When Is Debt Dangerous?

Debt assists a business until the business has trouble paying it off, either with new capital or with free cash flow. Part and parcel of capitalism is the process of 'creative destruction' where failed businesses are mercilessly liquidated by their bankers. However, a more common (but still painful) scenario is that it has to raise new equity capital at a low price, thus permanently diluting shareholders. Having said that, the most common situation is where a company manages its debt reasonably well - and to its own advantage. The first step when considering a company's debt levels is to consider its cash and debt together.

View our latest analysis for Belden

How Much Debt Does Belden Carry?

As you can see below, Belden had US$1.21b of debt at April 2022, down from US$1.51b a year prior. However, it does have US$559.6m in cash offsetting this, leading to net debt of about US$654.1m.

debt-equity-history-analysis
NYSE:BDC Debt to Equity History May 22nd 2022

How Healthy Is Belden's Balance Sheet?

The latest balance sheet data shows that Belden had liabilities of US$583.5m due within a year, and liabilities of US$1.47b falling due after that. Offsetting these obligations, it had cash of US$559.6m as well as receivables valued at US$375.6m due within 12 months. So it has liabilities totalling US$1.12b more than its cash and near-term receivables, combined.

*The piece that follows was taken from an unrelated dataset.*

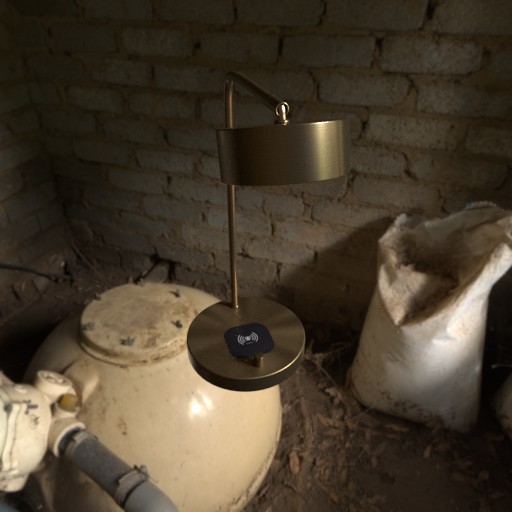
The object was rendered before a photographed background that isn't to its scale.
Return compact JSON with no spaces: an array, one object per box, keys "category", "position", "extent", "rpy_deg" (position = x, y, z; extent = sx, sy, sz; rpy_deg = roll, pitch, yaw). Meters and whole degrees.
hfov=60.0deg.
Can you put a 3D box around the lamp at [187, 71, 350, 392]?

While this might seem like a lot, it is not so bad since Belden has a market capitalization of US$2.40b, and so it could probably strengthen its balance sheet by raising capital if it needed to. But we definitely want to keep our eyes open to indications that its debt is bringing too much risk.

We use two main ratios to inform us about debt levels relative to earnings. The first is net debt divided by earnings before interest, tax, depreciation, and amortization (EBITDA), while the second is how many times its earnings before interest and tax (EBIT) covers its interest expense (or its interest cover, for short). The advantage of this approach is that we take into account both the absolute quantum of debt (with net debt to EBITDA) and the actual interest expenses associated with that debt (with its interest cover ratio).

Belden has net debt worth 1.7 times EBITDA, which isn't too much, but its interest cover looks a bit on the low side, with EBIT at only 5.0 times the interest expense. While these numbers do not alarm us, it's worth noting that the cost of the company's debt is having a real impact. It is well worth noting that Belden's EBIT shot up like bamboo after rain, gaining 96% in the last twelve months. That'll make it easier to manage its debt. When analysing debt levels, the balance sheet is the obvious place to start. But it is future earnings, more than anything, that will determine Belden's ability to maintain a healthy balance sheet going forward. So if you're focused on the future you can check out this free report showing analyst profit forecasts.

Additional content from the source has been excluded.